Auteur: Edwige Antier
Collection :
« Réponses »
Editions : Robert
Laffont
Prix : 19 .50€
Pages : 283
« Laissons l’enfant
aussi libre que possible, sans lui imposer des règles sans intérêt.
Laissons-lui seulement le cadre des règles indispensables à sa sécurité… ».
Depuis quelques années déjà, j’avoue être agacée par la
déformation ambiante des propos de Françoise Dolto. Il est facile de se déculpabiliser
en accusant un mouvement pédagogique… Et encore pire, elle est même aujourd’hui
accusée d’être à l’origine des enfants « tyrans » tellement à la mode…
Françoise Dolo était une pionnière et visionnaire, pressentant ce
qu’il se jouait dans le développement de l’enfant sans avoir les éléments
scientifiques (confirmant ses dires) que l’on connait de nos jours.
Il ne s’agit pas d’être en accord avec toutes ses idées mais de
prendre du recul sur tout ce qui a été apporté lors des émissions de France Inter
« Lorsque l’enfant paraît » à partir de 1977.
Rousseau nous avait amené son côté philosophique sur l’enfant,
F.Dolto l’a enrichi de son œil de psychanalyste, tout en s’appuyant sur « le
bébé est une personne » de D.W. Winnicott . Il ne faut pas oublier le contexte dans lequel tout cela s’inscrit,
Mai 68 et sa mouvance de liberté était passée par là.

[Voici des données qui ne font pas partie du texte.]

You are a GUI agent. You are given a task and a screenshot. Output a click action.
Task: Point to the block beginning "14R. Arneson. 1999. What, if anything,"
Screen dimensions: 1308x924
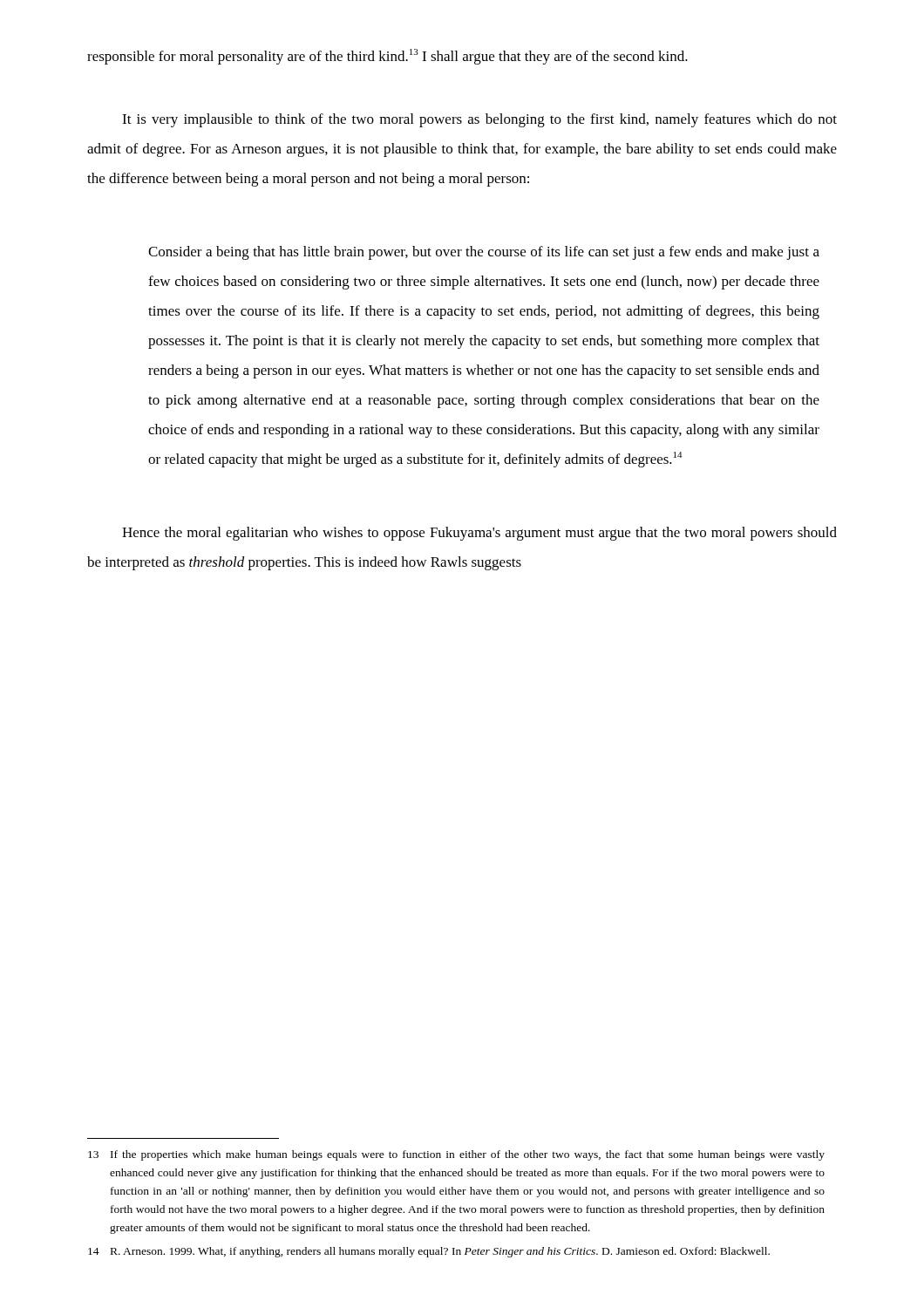(462, 1252)
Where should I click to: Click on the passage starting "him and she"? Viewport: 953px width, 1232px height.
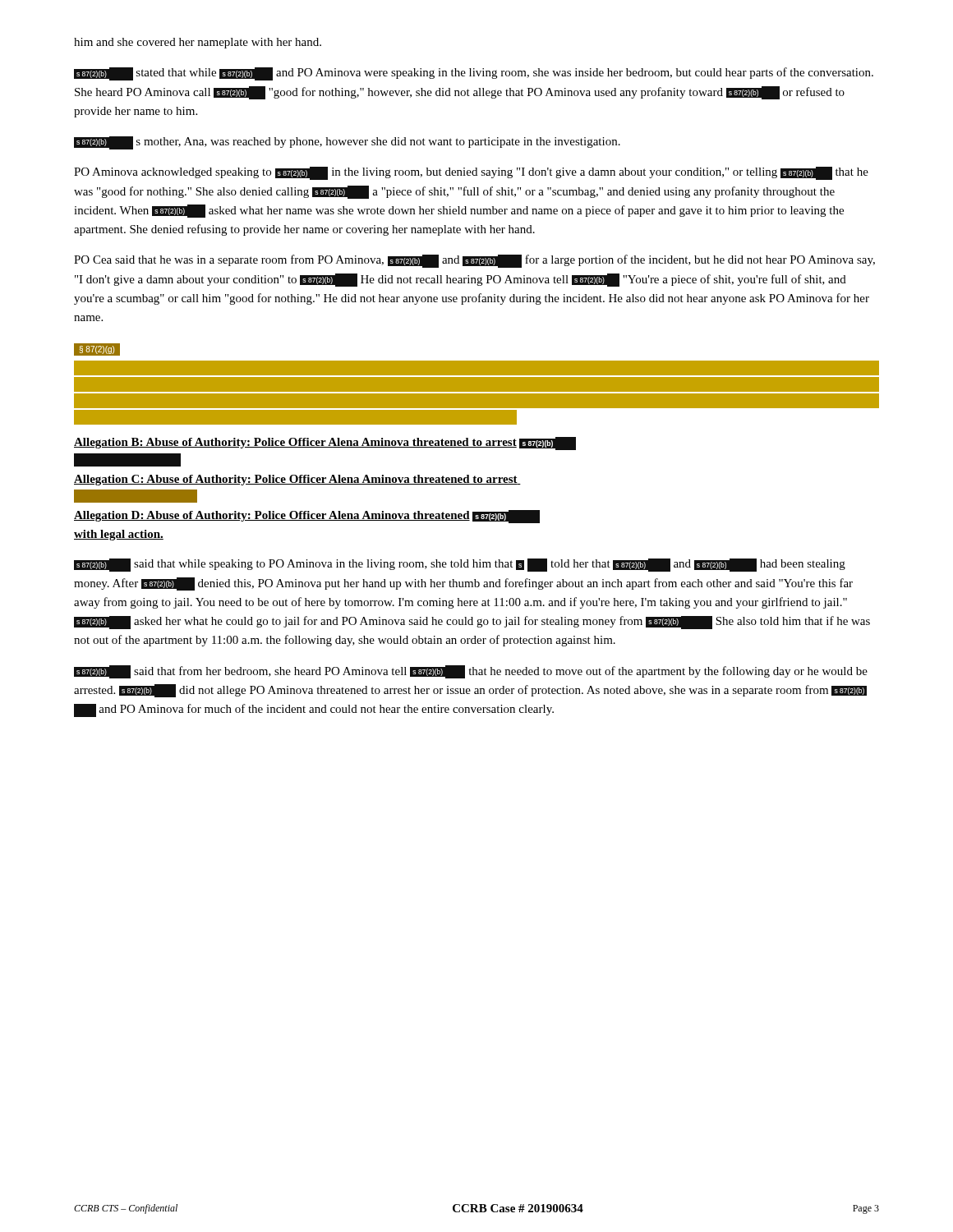(x=198, y=42)

Edwige Antier fait le point sur la « parole Dolto », ce
qui peut encore s’appliquer aujourd’hui et ce qui est devenu désuet suite à l’évolution
sociétale.
Françoise Dolto était, elle-aussi, prise entre les deux
tiraillements que nous connaissons : le bien-être du bébé et la liberté de
la femme croissant (CF Badinter, Beauvoir etc…). La femme ne se réalisant plus
uniquement à travers son rôle de mère mais aussi par sa vie professionnelle,
des modifications au sein des pratiques ont été inévitables. Ce dilemme était
et est encore source de culpabilité…
E. Antier résume les dérives autour de la parole Dolo en une
phrase clef « TOUT COMPRENDRE N’EST PAS TOUT PERMETTRE ». Nous
assistons à un envahissement du vocabulaire psychologique, les salles d’attente
des psychologues sont pleines. Remplies de parents démunis, qui, perdus dans le
flot de ce qu’« il faut faire », ne savent plus sur quel pied danser
et ont oublié leur spontanéité.
La déformation principale que nous retrouvons est de penser qu’il
faut TOUT DIRE aux enfants. F.Dolo insistait sur le fait de seulement dire les
vérités qui concernent l’enfant, la relation à sa mère, les choses
ESSENTIELLES. Tout en respectant l’intimité de l’enfant (toute la famille n’a
pas besoin de savoir que le petit garçon a un problème de testicule !).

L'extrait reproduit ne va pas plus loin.